Dive Brief:
- Fourteen Louisiana schools are have requested "penalty waivers" for parental opt-outs from Common Core testing.
- Currently, the state Department of Education and the Board of Elementary and Secondary Education mandate that districts get zeros for the scores of every student that opts out.
- Since scores are tied to things like teacher evaluations and school closings, these zeros could have dire consequences, and the districts do not believe they should be held responsible for a parental decision.
Dive Insight:
While it's unclear how many students plan to skip out on the testing, it is certain that districts are nervous. It is also important to note that scores will not affect teachers or schools for the first two years of the Common Core rollout. However, these districts are making inroads for the future.

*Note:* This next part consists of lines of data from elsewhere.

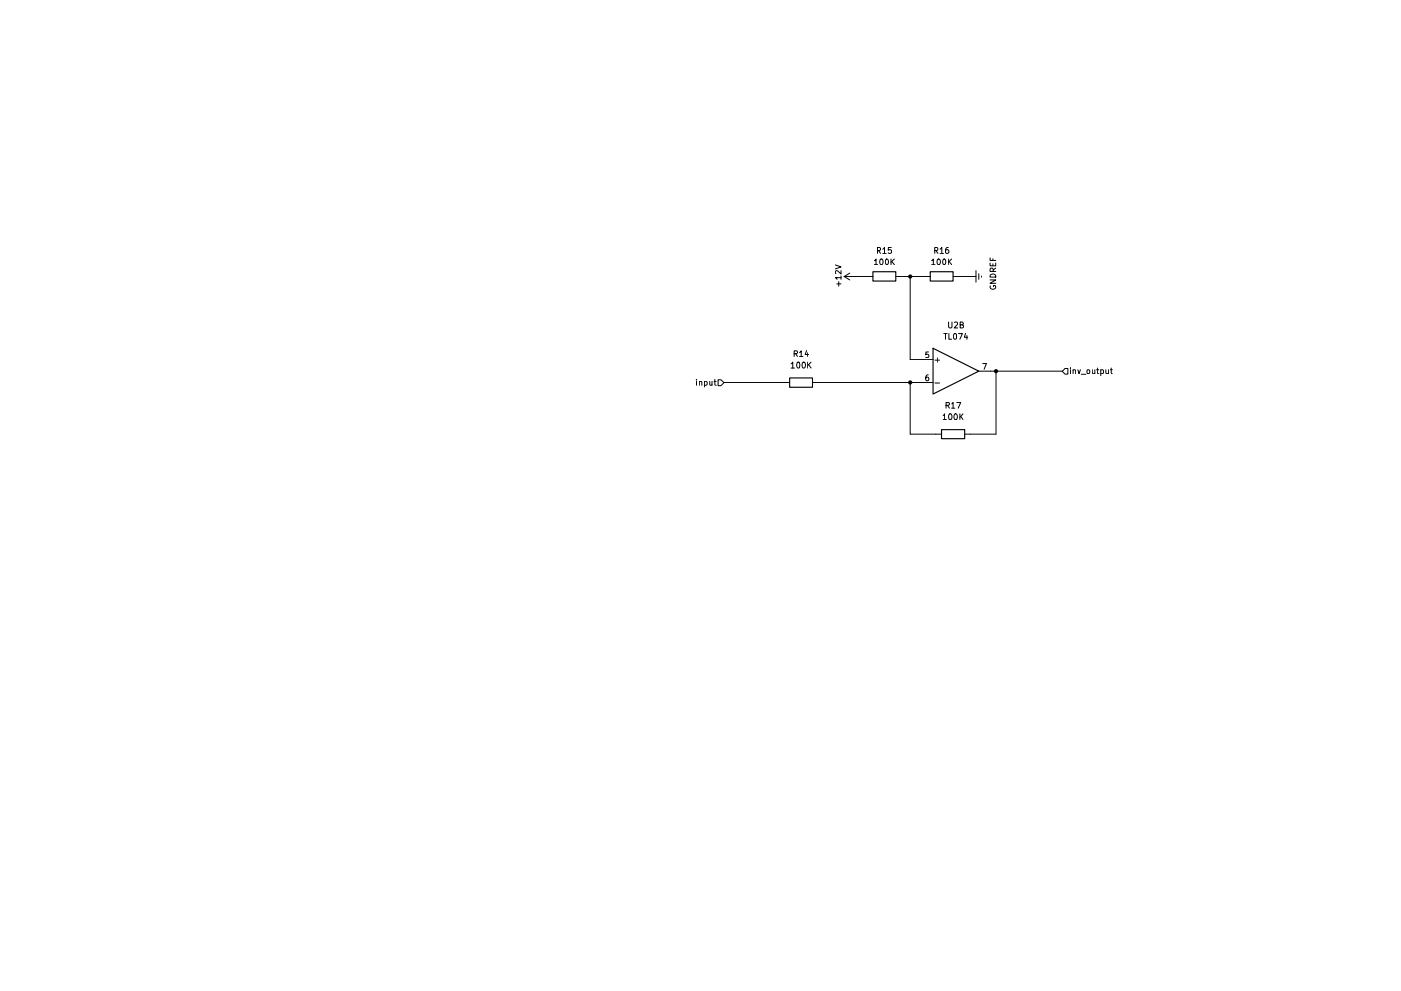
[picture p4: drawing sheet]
<svg xmlns="http://www.w3.org/2000/svg" width="420mm" height="297mm" viewBox="0 0 420 297" stroke-linecap="round" stroke-linejoin="round" font-family="sans-serif">
<g fill="none" stroke="#000" stroke-width=".3">
<path d="M260 82.9h1.8M268.6 82.9h1.7M277.2 82.9h1.8M285.8 82.9h1.7M291 82.9h.1M291 82.9h1.7M292.7 81.1v3.5M293.5 82v1.7M294.4 82.7v.4M276.4 107.8h3.4M276.4 114.6h3.4M278.4 112.4h-.4l-.3 .4-.1 1 .4 .3 .5-.1-.1-.9-.4-.1-.4 .4"/>
<path d="M278.5 105.5h-.8l-.1 .8h.8l.1 .8h-.9M280.4 107.9h1.4M280.4 114.8h1.4M281.1 107.3v1.2M293.5 111.3h3.5M294.7 109h1.1l-.7 1.7M280.7 130.1h1.7M289.3 130.1h1.7"/>
</g>
<path d="M261.8 81.4h6.8v2.8h-6.8zM279 81.4h6.8v2.8h-6.8zM279.8 104.4l13.7 6.9-13.7 6.8zM282.4 128.8h6.9v2.7h-6.9z" fill="none" stroke="#000" stroke-width=".34"/>
<path d="M318.6 111.3l.8-.9h.9v1.7h-.9z" fill="#fff"/>
<g fill="none" stroke="#000" stroke-width=".3">
<path d="M318.6 111.3l.8-.9h.9v1.7h-.9zM321.1 110.3v.2M321.1 110.8v1.2M321.8 111l.7-.1 .1 1.1M321.8 110.8v1.2M323.3 110.8l.3 1.2 .4-1.2M324.3 112.2h1.3M326.1 110.9l.4-.1 .3 .4v.5l-.3 .3-.4-.1zM327.6 110.8l.1 1.1 .6-.1M328.3 110.8v1.2M328.8 110.8h.7M329.1 110.3v1.5l.4 .2"/>
<path d="M330.1 110.9l.5-.1 .4 .4-.2 .7h-.7M330.1 110.8v1.8M331.6 110.8l.1 1.1 .7-.1M332.4 110.8v1.2M333 110.8h.6M333.2 110.3v1.5l.4 .2"/>
</g>
<path d="M215.3 113.8h.9l.9 .9-.9 .9h-.9z" fill="#fff"/>
<g fill="none" stroke="#000" stroke-width=".3">
<path d="M250.5 79.4l1.7 .6-1.7 .6M262.2 78.1l.5-.5v1.7M262.2 79.3h1M263.1 75.1l.9-.2-.1-.6-.8-.1v1.7M263.5 75.1l.6 .8M264 77.8l.2-.2a.89 .89 0 0 1 .7 .9 .89 .89 0 0 1-.7 .8l-.4-.6zM264.8 74.7l.5-.5v1.7M264.8 75.9h1M265.9 77.6a.89 .89 0 0 1 .6 .9 .89 .89 0 0 1-.6 .8l-.4-.6zM267.2 77.6v1.7M267.3 74.2h-.9v.8l.8-.1 .1 .9-.3 .1-.6-.1M267.5 78.4l.7 .9"/>
<path d="M268.2 77.6l-1 1M279.4 78.1l.5-.5v1.7M279.4 79.3h1M280.3 75.1l.9-.2-.1-.6-.8-.1v1.7M280.7 75.1l.6 .8M281.2 77.8l.2-.2a.89 .89 0 0 1 .6 .9 .89 .89 0 0 1-.6 .8l-.4-.6zM281.9 74.7l.5-.5v1.7M281.9 75.9h1.1M282.9 77.8l.2-.2a.95 .95 0 0 1 .5 .9 .95 .95 0 0 1-.5 .8l-.4-.6zM284.4 74.2l-.5 .1-.3 .3-.1 1 .4 .3 .6-.1-.1-.9-.5-.1-.4 .4M284.4 77.6v1.7M284.6 78.4l.8 .9"/>
<path d="M285.4 77.6l-1 1M296.9 78.8v.9h1.7v-.9M296.9 77.3v.8h1.7M297.8 77.6v.5M297.8 79.1v.6M251 85.1h1.2M251.5 84.4v1.4M252.2 83.2h-1.7l.5 .5M252.2 81.1v1l-1.2-1-.5 .3 .2 .6M252.2 82.7v1M253.2 82.9l1.6 1M253.2 82.9h6.8"/>
<path d="M254.8 81.9l-1.6 1M256.6 82.9h.1M270.3 82.9h6.9M273 82.9v24.9h3.4M283 100h1.1M283.5 100v1.7M284.5 96.5v1.5l.3 .3h.4l.3-.3v-1.5M284.6 100v1.7h.8M286.3 96.7l.6-.2 .3 .5-1 1.3h1M287.4 100h1.2l-.7 1.7M287.5 82.9h3.5M288 97.4l.7-.1 .1-.6-.8-.2v1.8h.6l.4-.6-.5-.3"/>
<path d="M289.6 99.9l-.4 1.2h1M296.9 83.9h1.7l-1.7 1h1.7M297 85.7a.78 .78 0 0 0 .8 1 .78 .78 0 0 0 .6-1.1h-.5v.3M297 82.5a.89 .89 0 0 1 1-.3 .89 .89 0 0 1 .6 .9h-1.7zM297.9 81.4l-.1-.9-.7-.1-.2 1h1.7M298.6 80.3l-.7 .6M208.9 113.7v.2M208.9 114.3v1.2M209.7 114.5l.7-.1 .1 1.1M209.7 114.3v1.2M211.2 114.4l.6-.1 .3 .3-.2 .8h-.7M211.2 114.3v1.7"/>
<path d="M212.9 114.3v1.1l.6-.1M213.5 114.3v1.2M214.1 114.3h.7M214.4 113.7v1.5l.4 .3M215.3 113.8h.9l.9 .9-.9 .9h-.9zM217.1 114.6h19.7M237.2 109.1l.5-.6v1.8M237.2 110.3h1.1M238.2 106l.8-.1 .1-.6-.9-.1v1.6M238.6 106l.6 .8M239.1 108.7l.3-.2a1.06 1.06 0 0 1 .3 1.7l-.2 .1a.96 .96 0 0 1-.4-1.6zM239.8 105.7l.5-.5v1.6"/>
<path d="M239.8 106.8h1M240.8 108.6l.2-.1a.95 .95 0 0 1 .6 .9 .95 .95 0 0 1-.6 .9 1.18 1.18 0 0 1-.2-1.7zM241.9 105.1l-.4 1.2h1M242.2 105.7v1.1M242.2 108.5v1.8M242.5 109.3l.7 1M243.2 108.5l-1 1.1M243.7 114.6h32.7M273 114.6v15.5h7.7M286.2 100.1l.3-.1 .4 .3v1l-.4 .4a.92 .92 0 0 1-.7-.7 .92 .92 0 0 1 .4-.9zM290 100.6v1.1M297 111.3h21.5"/>
<path d="M298.7 111.3v18.8h-7.7M282.9 124.5l.4-.5v1.7M282.9 125.7h.9M283.7 121.5l.9-.1v-.7l-.9-.1v1.7M284.1 121.5l.6 .8M284.6 124.2l.3-.2a.97 .97 0 0 1 .7 .8 .97 .97 0 0 1-.4 .9h-.5l-.1-.2zM285.4 121.1l.4-.5v1.7M285.4 122.3h.9M286.3 124.2l.2-.2a.97 .97 0 0 1 .7 .8 .97 .97 0 0 1-.3 .9h-.6l-.1-.2zM286.9 120.6h1.2l-.7 1.7M287.9 124v1.7M288.1 124.8l.7 .9"/>
<path d="M288.8 124l-.9 1.1"/>
</g>
<path d="M236.8 113.3h6.9v2.8h-6.9z" fill="none" stroke="#000" stroke-width=".34"/>
<g fill="#000">
<circle cx="273" cy="82.9" r=".64"/>
<circle cx="273" cy="114.6" r=".64"/>
<circle cx="298.7" cy="111.3" r=".64"/>
</g>
</svg>

The last few years have seen an increase in parents choosing to opt their students out of tests. Los Angeles Times columnist Karin Klein penned an editorial last April detailing her decision to allow her daughter to opt out of the California standards tests, stating that the exams “were never useful for my kids.” Klein, who has three children and had been through the standardized testing rigmarole for 16 years at that point, said that, as an education journalist, she was always aware of how “thin and fault riddled” the exams could be, but she never thought to opt her children out because she viewed the tests as more of a civic duty to measure the progress of the schools, districts, and states.
While she wrote that she still saw the value in the tests potentially being a guide to better teaching, Klein felt frustrated by how test-prep and standardized testing has in many ways co-opted the various creative pursuits that once were standards at her children’s public schools.